Employees Are Eager to Work from Home — Is Your Business Ready?

  • Respondents told us that working from home gives them the flexibility to take care of “daily life,” including chores like starting dinner, more easily. It also gives them more control over when to take care of “non-work” activities, including eating and, if they get tired, taking a break to recharge.
  • Many also find working from home more relaxing, in part because they aren’t commuting as much as an hour to and from work. Not surprisingly, getting back an hour or two in the day relieves a huge burden that they’ve been forced to endure.
  • Interestingly, employees say they like working from home because it’s more comfortable — not having to get “dressed up” is a real advantage and they can sit in their favorite chair or, if they choose, even recline on the sofa while working.
  • Lastly, and good news for employers, many employees self-report that they’re more productive working from home, provided of course they have a suitable workspace.

Key Takeaways for Employers

Employers and employees are in the early stages of transitioning to what is likely to be a protracted and potentially permanent shift to working from home. Processes, policies and support developed for an on-site workforce will need to be updated and adapted to accommodate the needs of the new work from home employee. By viewing employees as “customers,” employers can deliver the support employees need to be successful and productive while WfH.

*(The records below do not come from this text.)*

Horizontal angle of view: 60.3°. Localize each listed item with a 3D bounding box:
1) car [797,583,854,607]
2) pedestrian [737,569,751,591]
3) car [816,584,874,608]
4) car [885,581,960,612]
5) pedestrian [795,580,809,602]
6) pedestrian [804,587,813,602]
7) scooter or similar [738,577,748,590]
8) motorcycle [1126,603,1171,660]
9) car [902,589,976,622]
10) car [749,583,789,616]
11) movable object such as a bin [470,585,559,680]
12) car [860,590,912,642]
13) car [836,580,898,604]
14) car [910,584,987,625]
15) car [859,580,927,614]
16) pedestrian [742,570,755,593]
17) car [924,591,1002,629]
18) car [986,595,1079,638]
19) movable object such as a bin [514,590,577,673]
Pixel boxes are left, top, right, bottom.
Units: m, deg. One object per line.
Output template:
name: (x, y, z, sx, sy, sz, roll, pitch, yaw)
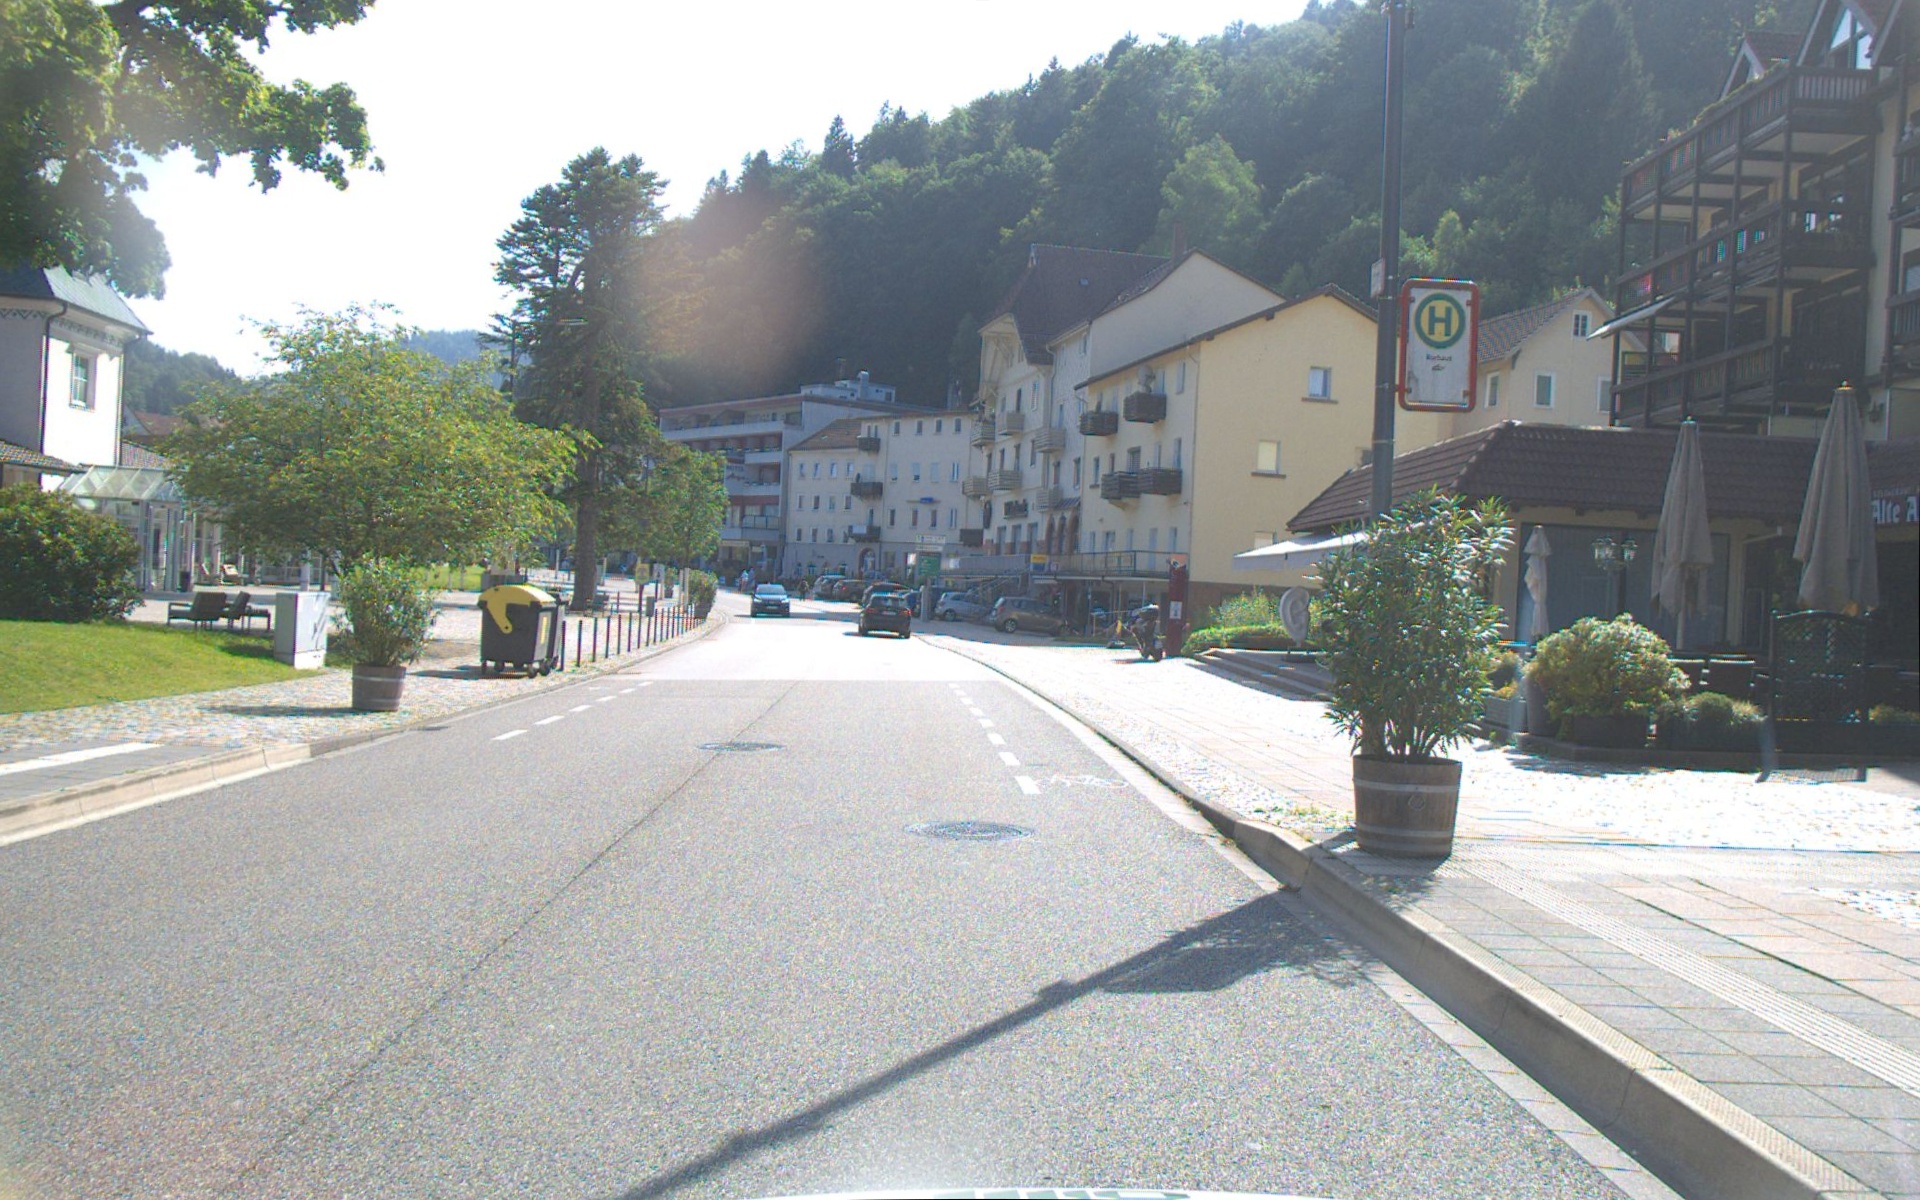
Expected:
car: (-9.946, -0.363, 122.273, 3.822, 1.640, 1.755, 0, 3, -31)
pedestrian: (-17.018, -1.588, 130.332, 0.750, 1.621, 0.621, 3, 0, -33)
car: (-8.313, -0.294, 119.670, 3.822, 1.576, 1.755, 0, 3, -31)
car: (-2.293, -0.201, 99.862, 4.276, 1.486, 1.769, 5, -1, -9)
pedestrian: (-10.954, -0.633, 114.410, 0.729, 1.467, 0.625, 1, 1, -37)
pedestrian: (-10.504, -0.384, 114.767, 0.413, 1.019, 0.525, 1, 1, -34)
scooter or similar: (-17.115, -1.308, 130.466, 0.590, 0.967, 0.469, 3, 0, -33)
motorcycle: (4.543, 0.730, 39.948, 0.683, 1.319, 2.210, 0, 0, -4)
car: (-1.197, 0.284, 93.650, 3.840, 1.486, 1.732, 5, 0, -11)
car: (-8.885, -0.033, 77.228, 1.707, 1.488, 4.183, 1, 0, -5)
movable object such as a bin: (-7.335, 0.522, 27.314, 1.057, 1.452, 1.376, 5, 0, -4)
car: (-2.754, 0.558, 60.767, 1.693, 1.601, 3.750, 4, 2, -4)
car: (-6.529, -0.557, 115.696, 3.969, 1.542, 1.755, 0, 3, -31)
car: (-0.647, 0.258, 90.810, 3.840, 1.835, 1.853, 6, -1, -11)
car: (-4.250, -0.206, 104.728, 4.012, 1.694, 1.768, 6, 0, -11)
pedestrian: (-16.848, -1.464, 131.591, 0.662, 1.758, 0.700, 3, 0, -33)
car: (0.150, 0.505, 88.340, 3.840, 1.616, 1.770, 6, 0, -11)
car: (3.257, 0.737, 74.834, 3.794, 1.581, 1.755, 5, 0, -13)
movable object such as a bin: (-7.317, 0.539, 29.243, 0.740, 1.364, 1.294, 4, 0, -4)

  1. Since a majority of employees prefer to work from home — some strongly — employers must be prepared to offer the option and be responsive to workers who opt to work from home.
  2. In addition to technical support, employees are likely to need training and tools to help them self-manage their schedule and to deal with “Zoom fatigue,” isolation, loneliness and a host of other issues that can arise.
  3. Given a suitable workspace, working from home enhances employees’ experience and, by extension, is also likely to improve satisfaction with their employer.
  4. The flexibility of working from home helps employees achieve work-life balance, which can translate into happier employees who are more satisfied with their job and company. Satisfied employees generally have lower turnover and deliver superior customer experiences.
  5. By removing commuting and other burdens associated with working away from home, working from home reduces employees’ stress and could be an important antidote to anxieties induced by the pandemic.
  6. Depending on the conditions at home and employees’ readiness, working from home can be conducive or detrimental to workers’ productivity — employers who proactively help employees make the transition to working from home are likely to see productivity improve, while those who don’t provide adequate support and tools are likely to see productivity decline.

About the Research

In late April SCADpro conducted a survey with a national sample, balanced on age and gender, of 210 respondents working from home (WfH) as a result of the pandemic. Questions examined overall attitudes toward WfH as well specific aspects of individuals’ experience, both positive and negative. In addition to stating their overall preference for WfH, respondents expressed their feelings about WfH by responding to a series of questions, including open-ended (likes and dislikes) and a series of two-part questions in which they (i) first chose from a list of 25 adjectives — both positive and negative — the three words that best describe their experience; and (ii) for each of the descriptors chosen, explained in their own words “what makes the WfH experience ___________.”